His eye fell on two ants starting off from a common point P in
slightly different directions. Their routes happened to carry them
through the region of the dimple at the top of the apple, one on each
side of it. Each ant conscientiously pursured his geodesic. Each went
as straight on his strip of appleskin as he possibly could. Yet
because of the curvature of the dimple itself, the two tracks not only
crossed but emerged in very different directions.

"What happier illustration of Einstein's geometric theory of gravity
could one possibly ask?"

murmured the student.

"The ants move as if they were attracted by the apple stem. One might
have believed in a Newtonian force at a distance along his track. This
is surely Einstein's concept that all physics takes place by 'local
action'. What a difference from Newton's 'action at a distance' view
of physics! Now I understand better what this book means"

@Altabeh: They may have no (or miniscule) 'rest-mass', but energy/stress/momentum deforms spacetime. I don't see why that would be different for light; we already know it's SUBJECT to gravitational fields, and I was under the impression that was always (excepting theoretical constructs) a mutual effect. Light still follows a geodesic informed and deformed by local geometry, or so it seems, and if we accept photons as discrete quanta of energy, then the SET has to kick in.

 

[atyy]

Yes, for a fixed number of photons, because the energy would be greater.

How? Classically, the electromagnetic field should curve spacetime as a solution of Einstein-Maxwell equations. But does frequency enter the classical energy-momentum tensor? Photon energy being proportional to frequency seems to be from quantum field theory. But in QFT on curved spacetime, the field doesn't contribute to spacetime curvature.

 

[bcrowell]

Yes, for a fixed number of photons, because the energy would be greater.

How? Classically, the electromagnetic field should curve spacetime as a solution of Einstein-Maxwell equations. But does frequency enter the classical energy-momentum tensor?

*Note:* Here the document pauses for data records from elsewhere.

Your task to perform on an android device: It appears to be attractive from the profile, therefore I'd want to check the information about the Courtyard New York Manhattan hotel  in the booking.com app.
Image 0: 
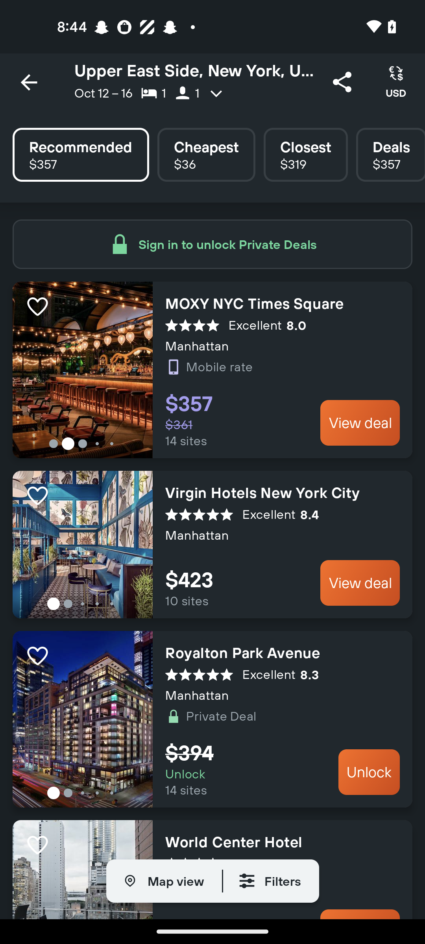
open the Booking.com app
Step 0: open app "Booking.com"
Image 1: 
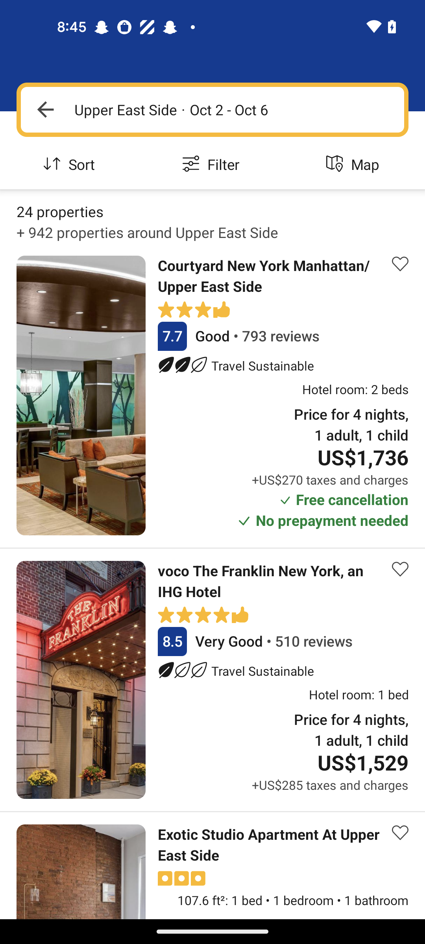
Click on the  Courtyard New York Manhattan option 
Step 1: click (81, 395)
Image 2: 
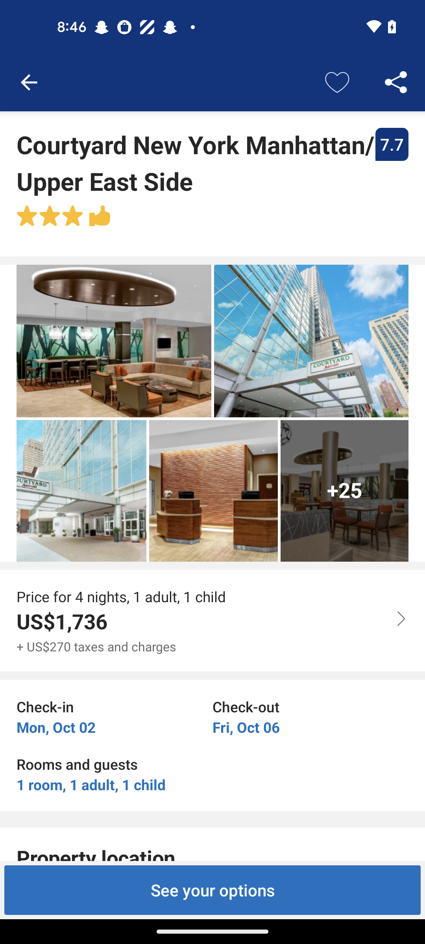
Swipe up for details 
Step 2: scroll down
Image 3: 
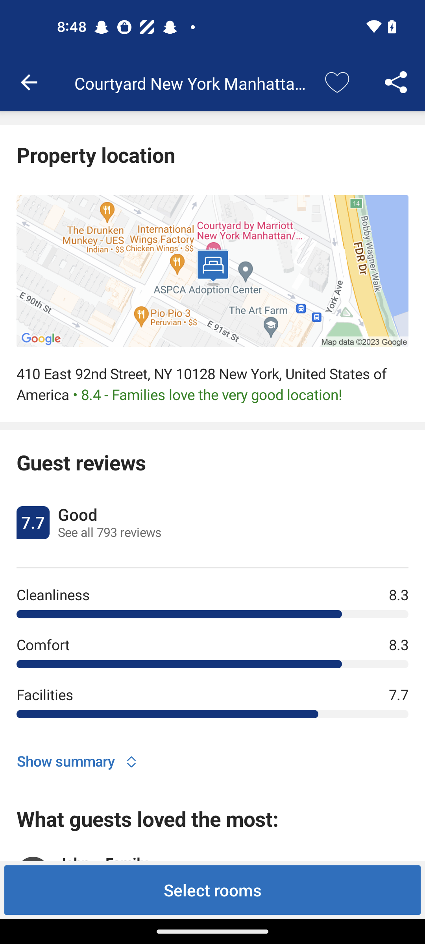
Swipe up for details 
Step 3: scroll down
Image 4: 
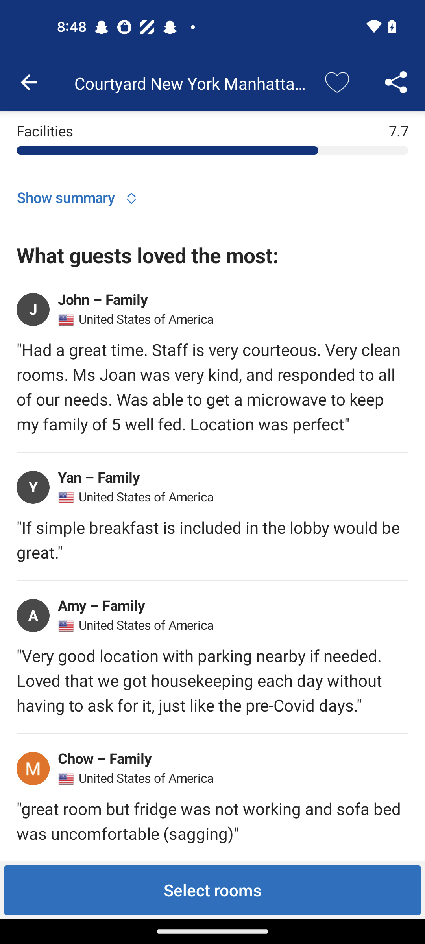
Swipe up for details 
Step 4: scroll down
Image 5: 
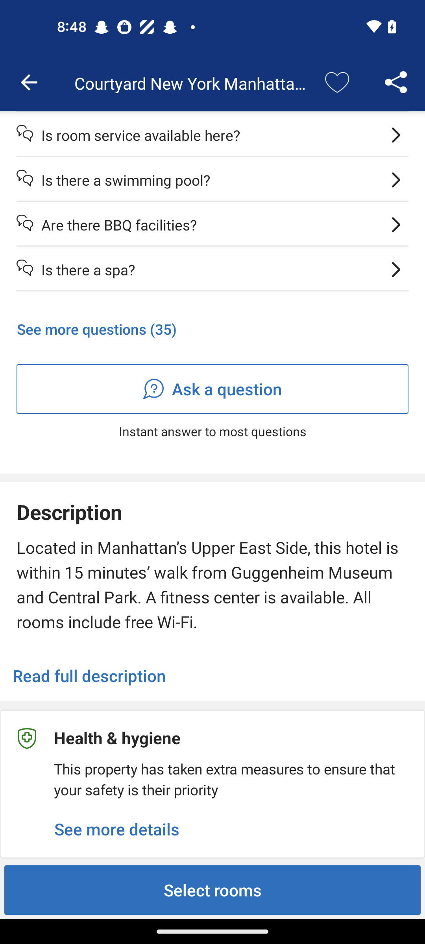
Swipe up for details 
Step 5: scroll down
Image 6: 
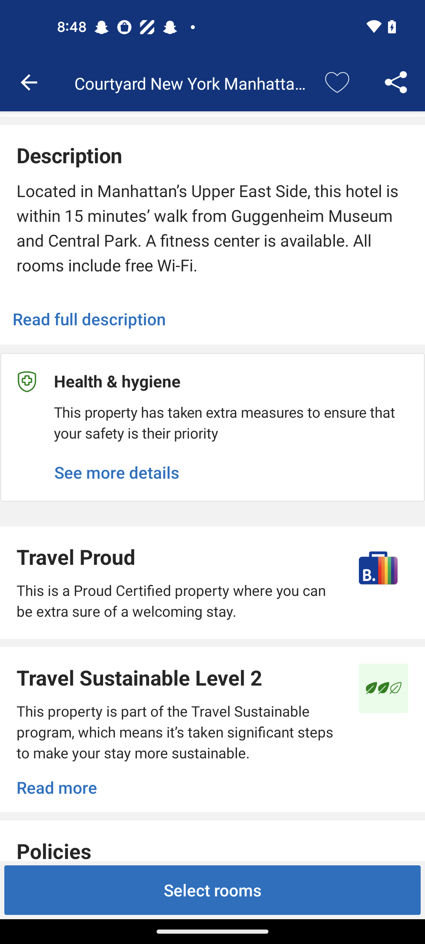
Swipe up for details 
Step 6: scroll down
Image 7: 
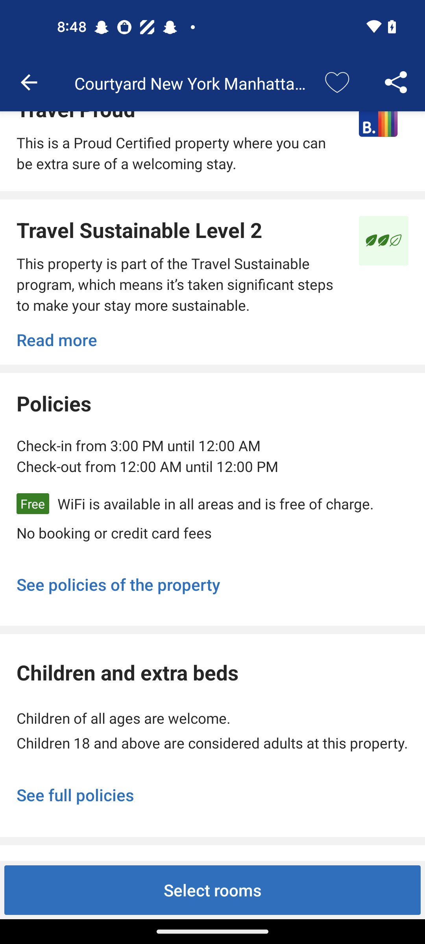
Swipe up for details 
Step 7: scroll down
Image 8: 
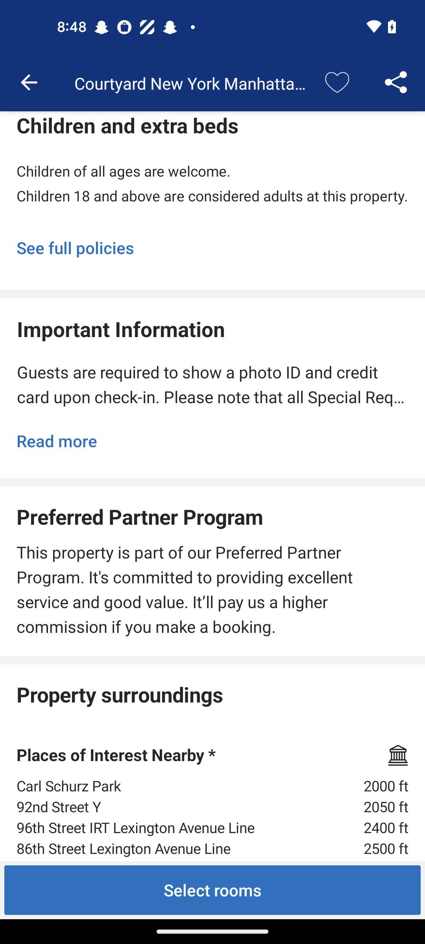
Swipe up for details 
Step 8: scroll down

No, frequency doesn't. But for a fixed number of photons, the energy is proportional to the frequency.

 

[Frame Dragger]

@bcrowell: Do you know of any good papers on this? I'd love to read some experimental and theoretical thinking on this.

 

[bcrowell]

@bcrowell: Do you know of any good papers on this? I'd love to read some experimental and theoretical thinking on this.

Isn't this all pretty standard textbook stuff?

 

[atyy]

No, frequency doesn't. But for a fixed number of photons, the energy is proportional to the frequency.

What does the formalism look like? Is it QED + Donoghue's GR as an effective QFT?

 

[bcrowell]

What does the formalism look like? Is it QED + Donoghue's GR as an effective QFT?

I'm claiming that there's nothing in any of this beyond freshman relativity. If you keep the number of photons constant while increasing the frequency, you get more mass-energy. A greater mass-energy means proportionately stronger gravitational interactions.

 

[Frame Dragger]

I'm claiming that there's nothing in any of this beyond freshman relativity. If you keep the number of photons constant while increasing the frequency, you get more mass-energy. A greater mass-energy means proportionately stronger gravitational interactions.

Ah, that's not in line with my (albiet limited) understanding of QED, nor is it "textbook".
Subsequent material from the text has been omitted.